Seine über 375 Gedichte seien einzigartig, so Nagel, der Eberle als einen Dichter charakterisierte, der mit wenigen zusammenhängenden Worten mehr sagen konnte, als ein anderer mit mehreren Sätzen. Da Eberles Mutter gewollt habe, dass ihr Sohn spricht "ond et schwätzt" ging es los mit "schwätz au scheener" und weiter mit der wohl bekanntesten Persiflage über Eberles Heimatstadt Rottenburg "Dr heilige Sankt Nepomuk".

Das Gleichnis der Muttersprache

Dieser folgten – natürlich alles auswendig vorgetragen – mit dem Gleichnis der Muttersprache, der "Hoamat", dem "Schtuagater Früchtle", dem "schwäbischa Liebespaar", der "Hauzech", der "Taifete", dem Klassiker "Dr Necker" und "Dr letzte Schwob" weitere Highlights.

Eberle habe damals als Verleger der Stuttgarter Zeitung seinen Sitz in der obersten Etage gehabt – mit freiem Blick zum Regierungssitz, der Villa Reitzenstein, so Nagel. Da der damalige Ministerpräsident Filbinger ein "Badenzer" gewesen sei und daher alles gesprochen wurde, nur nicht schwäbisch, habe Eberle ganz gezielt das Gedicht "Dr letzte Schwob" verfasst und sich damit selbst gemeint.

Mit dem Schutzheiligen der Schwaben, Sankt Ulrich, ging Eberle genau so wenig zimperlich um. Ihm stellte er den "Sankt Grobian" zur Seite, der eine Fülle von Schimpfwörtern beinhaltete. Letztlich schloss der erste Programmteil mit dem legendären Lied vom Gesangverein: "Taifle, Hauzech oder Leich, was mer feiret, dees ischt gleich".

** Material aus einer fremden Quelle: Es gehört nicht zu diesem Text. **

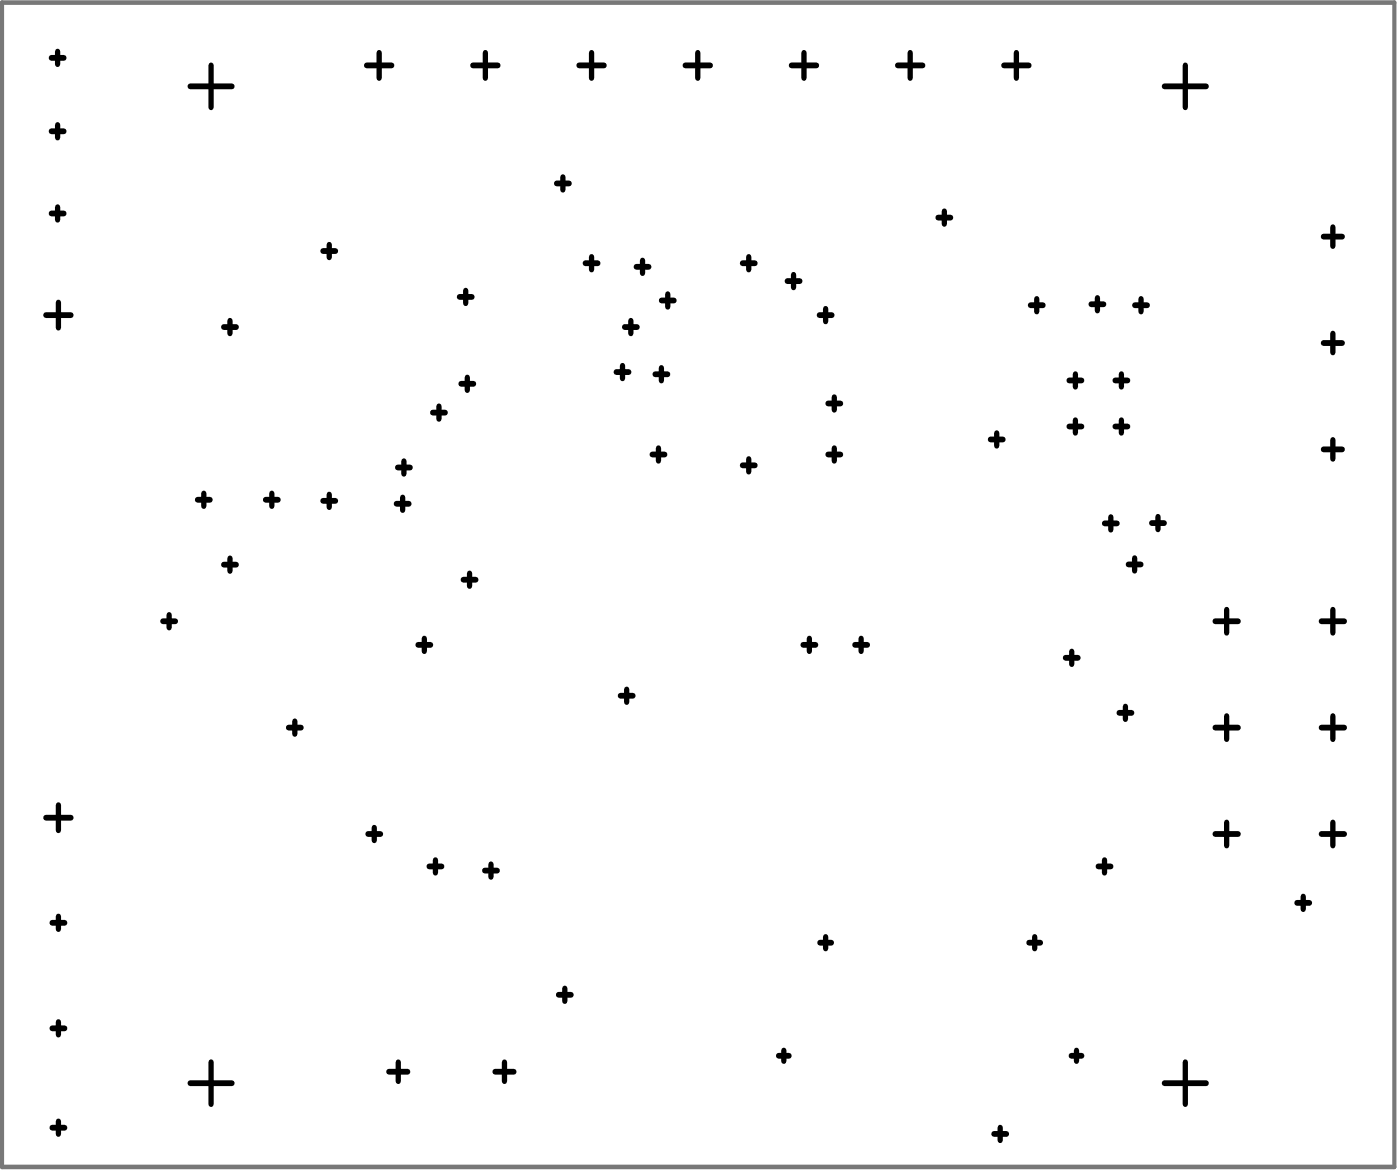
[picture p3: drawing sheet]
<svg xmlns="http://www.w3.org/2000/svg" width="111mm" height="93mm" viewBox="0 0 111 93" stroke-linecap="round" stroke-linejoin="round" font-family="sans-serif">
<path d="M.2 .2h110.5v92.4h-110.5z" fill="none" stroke="#787878" stroke-width=".35"/>
<g fill="none" stroke="#000" stroke-width=".44">
<path d="M4.1 16.9h1M4.1 10.4h1M4.1 4.6h1M4.6 4.1v1M4.6 9.9v1M4.6 16.4v1M15.1 6.9h3.3M16.8 5.2v3.3M25.6 19.9h1M26.1 19.4v1M29.1 5.2h2M30.1 4.2v2"/>
<path d="M37.5 5.2h2M38.5 4.2v2M44.2 14.6h1M44.7 14.1v1M46 5.2h2M47 4.2v2M54.4 5.2h2M55.4 4.2v2M62.8 5.2h2M63.8 4.2v2M71.2 5.2h2M72.2 4.2v2"/>
<path d="M74.5 17.3h1M75 16.8v1M79.7 5.2h2M80.7 4.2v2M92.4 6.9h3.3M94.1 5.2v3.3M105 18.8h1.5M105.8 18v1.5M3.6 25h2M4.6 24v2M15.7 39.6h1M16.2 39.1v1"/>
<path d="M17.8 25.9h1M18.3 25.4v1M21.1 39.6h1M21.6 39.1v1M25.6 39.7h1M26.1 39.2v1M31.5 40h1M31.6 37.1h1M32 39.5v1M32.1 36.6v1M34.3 32.7h1M34.8 32.2v1"/>
<path d="M36.5 23.6h1M36.6 30.4h1M37 23.1v1M37.1 29.9v1M46.5 20.9h1M47 20.4v1M48.9 29.5h1M49.4 29v1M49.6 25.9h1M50.1 25.4v1M50.5 21.2h1M51 20.7v1"/>
<path d="M51.8 36.1h1M52 29.7h1M52.3 35.6v1M52.5 29.2v1M52.5 23.8h1M53 23.3v1M58.9 36.9h1M58.9 20.9h1M59.4 20.4v1M59.4 36.4v1M62.5 22.3h1M63 21.8v1"/>
<path d="M65 25h1M65.5 24.5v1M65.7 32h1M65.7 36.1h1M66.2 31.5v1M66.2 35.6v1M78.6 34.9h1M79.1 34.4v1M81.8 24.2h1M82.3 23.7v1M84.9 33.8h1M84.9 30.2h1"/>
<path d="M85.4 29.7v1M85.4 33.3v1M86.6 24.1h1M87.1 23.6v1M88.5 33.8h1M88.5 30.2h1M89 29.7v1M89 33.3v1M90.1 24.2h1M90.6 23.7v1M105 27.2h1.5M105 35.7h1.5"/>
<path d="M105.8 26.5v1.5M105.8 34.9v1.5M12.9 49.3h1M13.4 48.8v1M17.8 44.8h1M18.3 44.3v1M22.9 57.7h1M23.4 57.2v1M33.2 51.2h1M33.7 50.7v1M36.8 46h1M37.3 45.5v1"/>
<path d="M49.2 55.2h1M49.7 54.7v1M63.7 51.2h1M64.2 50.7v1M67.9 51.2h.9M68.4 50.7v1M84.6 52.2h1M85.1 51.7v1M87.7 41.5h1M88.2 41v1M88.8 56.6h1M89.3 56.1v.9"/>
<path d="M89.6 44.8h1M90.1 44.3v1M91.4 41.5h1M91.9 41v1M96.5 49.3h1.8M96.5 57.7h1.8M97.4 48.4v1.8M97.4 56.8v1.8M104.9 49.3h1.8M104.9 57.7h1.8M105.8 48.4v1.8M105.8 56.8v1.8"/>
<path d="M3.6 64.9h2M4.1 73.2h1M4.6 63.9v2M4.6 72.7v1M29.2 66.2h1M29.7 65.7v1M34.1 68.7h1M34.6 68.2v1M38.5 69.1h1M39 68.6v1M44.3 78.9h1M44.8 78.4v1"/>
<path d="M65.1 74.8h.9M65.5 74.3v.9M81.7 74.8h.9M82.1 74.3v.9M87.2 68.7h1M87.7 68.2v1M96.5 66.2h1.8M97.4 65.2v1.9M102.9 71.6h1M103.4 71.1v1M104.9 66.2h1.8M105.8 65.2v1.9"/>
<path d="M4.1 89.5h1M4.1 81.6h1M4.6 81.1v1M4.6 89v1M15.1 85.9h3.3M16.8 84.3v3.3M30.9 85h1.5M31.6 84.3v1.5M39.3 85h1.5M40 84.3v1.5M61.8 83.8h.8M62.2 83.3v.9"/>
<path d="M78.9 90h1M79.4 89.5v1M85 83.8h.9M85.4 83.3v.9M92.4 85.9h3.3M94.1 84.3v3.3"/>
</g>
</svg>

Im zweiten Programmteil entführte Nagel die Besucher in das "katholisch schwarze Rautaburg". Er erläuterte die Redewendungen aus der damaligen Zeit und stellte den Stadtteil "Ehgna" als diesen heraus, in dem das arbeitende Volk gewohnt habe.

Dass Eberle seine Geburtsstadt liebte, kam in vielen seiner Gedichte zum Ausdruck, sei es dr "Rautaburger Wei", "D’ Bürgerwach", "Dr Mesmer", "Dr Zähresbeck" und noch ein paar andere, die Nagel gekonnt rezitierte.

Alle waren sie, obwohl mit einem Schuss Satire versehen, kleine Liebeserklärungen an sein "Rautaburg". Eberle, der in seinem Leben laut Nagel nicht über Gebühr christlich gewesen sei, setzte sich literarisch aber auch mit dem lieben Gott auseinander und natürlich auch mit dem Mesner, der bis in das 20. Jahrhundert hinein oben im Domturm wohnte. Weitere Themen waren die Erbsünde, aber auch die Protestanten. Mit ein paar Lachauszügen von "Sebastian Blaus" Überlieferungen schloss der unterhaltsame und gemütliche Abend.